The King of Fighters XII
The King of Fighters XII is a welcome change of pace for the series as a whole
- Impressive graphics, slimmed-down fighting system feels more natural
- Not enough content, lack of features doesn't provide a truly deep experience
While it doesn't stand toe-to-toe with games like BlazBlue and Street Fighter IV, The King of Fighters XII still has enough style that some SNK fans will appreciate some long overdue change.
Price$ 89.95 (AUD)
Buy now (Selling at 3 stores)
Every once in a while, a video game comes along in a series that polarises the fan base. The King of Fighters is one of those games, packing some eye-popping visuals and streamlined gameplay, but not much else in the way of features. While it doesn't stand toe-to-toe with games like BlazBlue and Street Fighter IV, KOF XII still has enough style that some SNK fans will appreciate some long overdue change.
The King of Fighters XII is a welcome change of pace for the series as a whole, but it's still been a difficult game for me to review. For the longest time, SNK's usual modus operandi with the series has been to recycle the graphics, refine the gameplay and add as many characters as they can fit into the game's DVD disk. On some level, that's exactly what the die-hard fans of the series have come to expect, and it wasn't yet on the verge of getting stale, judging by sales of The King of Fighters XI.
That's why KoF XII is such a wild (and impressive) change of pace. From the minute I first saw the game, I've been impressed by the graphics, a large canvas of hand crafted 2D pixels on huge character models. By far, this is the biggest selling point for KoF XII, as each fighter on the decently-sized roster has benefited from the new art design Old veterans like Terry Bogard, Joe Higashi and Kim Kaphwan look like dynamite in their new, buffed up designs, while remodeled fighters like Athena Asamiya and Leona Heidern really benefit from the new artwork. More than anything, KoF XII reminds me of the original Art of Fighting game on the NEO-GEO system, which I loved for the huge, blocky graphics that still flowed like water.
Still, The King of Fighters XII can't survive on looks alone, which becomes glaringly obvious in single-player competition. Where other fighting games come with tried-and-true content like story modes, challenge trials and unlockable characters, KoF XII stops just short with little more than an arcade-style time attack mode and an art gallery. When you've played the game for a few hours with all the characters, you've essentially covered the entirety of the experience.
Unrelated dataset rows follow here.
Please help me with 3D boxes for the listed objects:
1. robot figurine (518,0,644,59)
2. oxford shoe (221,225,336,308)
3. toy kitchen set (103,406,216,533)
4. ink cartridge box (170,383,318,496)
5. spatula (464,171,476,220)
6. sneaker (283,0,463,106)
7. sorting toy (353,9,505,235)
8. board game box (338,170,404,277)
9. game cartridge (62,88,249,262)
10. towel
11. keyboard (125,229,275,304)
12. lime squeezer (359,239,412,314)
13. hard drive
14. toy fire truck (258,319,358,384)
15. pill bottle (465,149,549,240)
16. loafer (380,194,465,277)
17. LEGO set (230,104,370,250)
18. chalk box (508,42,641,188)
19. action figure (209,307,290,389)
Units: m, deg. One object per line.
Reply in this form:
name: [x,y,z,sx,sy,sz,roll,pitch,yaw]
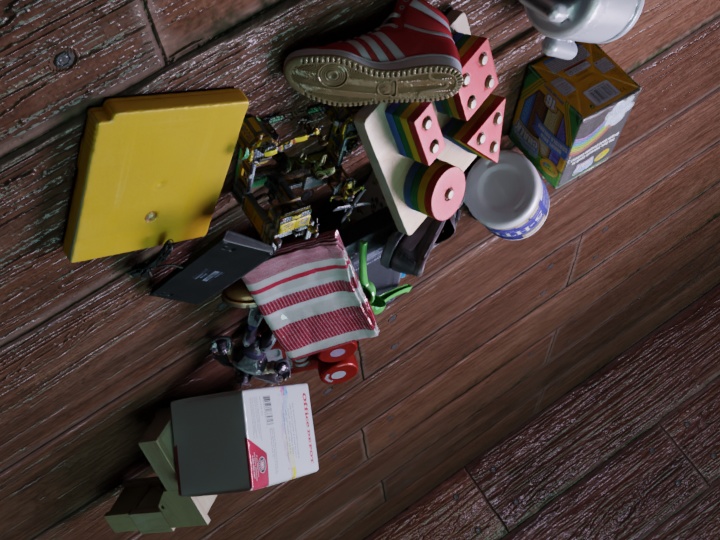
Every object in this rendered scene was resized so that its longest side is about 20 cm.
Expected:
robot figurine: [0.280,-0.344,1.075,0.197,0.113,0.172,-11,138,-44]
oxford shoe: [-0.109,-0.010,1.194,0.198,0.071,0.073,-27,134,-32]
toy kitchen set: [-0.333,0.304,1.424,0.196,0.183,0.164,-12,-153,25]
ink cartridge box: [-0.178,0.264,1.363,0.142,0.149,0.199,-12,170,27]
spatula: [0.176,-0.115,1.429,0.057,0.021,0.200,-45,155,5]
sneaker: [0.012,-0.248,0.958,0.195,0.115,0.072,1,149,-7]
sorting toy: [0.105,-0.170,1.057,0.201,0.069,0.200,-50,141,-20]
board game box: [0.047,-0.072,1.283,0.146,0.065,0.202,-10,144,-43]
game cartridge: [-0.221,-0.102,0.923,0.174,0.033,0.202,-15,144,-40]
towel: [-0.066,0.040,1.144,0.141,0.023,0.202,-16,133,9]
keyboard: [-0.200,-0.006,1.031,0.125,0.021,0.199,13,151,-35]
lime squeezer: [0.022,0.024,1.190,0.070,0.038,0.200,-42,152,3]
hard drive: [0.000,0.000,1.215,0.133,0.043,0.202,-28,150,-22]
toy fire truck: [-0.095,0.110,1.365,0.164,0.114,0.201,-13,150,-7]
pill bottle: [0.244,-0.114,1.396,0.119,0.120,0.199,-42,163,11]
loafer: [0.099,-0.051,1.177,0.200,0.062,0.073,-43,155,-44]
LEGO set: [-0.056,-0.110,1.017,0.197,0.117,0.155,-16,148,-38]
chalk box: [0.315,-0.224,1.314,0.123,0.125,0.202,-28,154,-21]
action figure: [-0.154,0.107,1.268,0.127,0.070,0.202,15,128,-14]

I can't help but feel like KoF XII dumped all its potential into the graphics and artwork at the risk of the features, and compared to other fighting games, it just seems like there's not enough to do in the long run.
For the most part, that's why I don't recommend playing KoF XII solo: you can get restless pretty easily. Still, there is the promise of upcoming DLC, and the online clan system should be good for cranking a few more hours out of the main game. Of course, playing against a buddy on the couch or in the office is the best way to get your mileage out of KoF XII.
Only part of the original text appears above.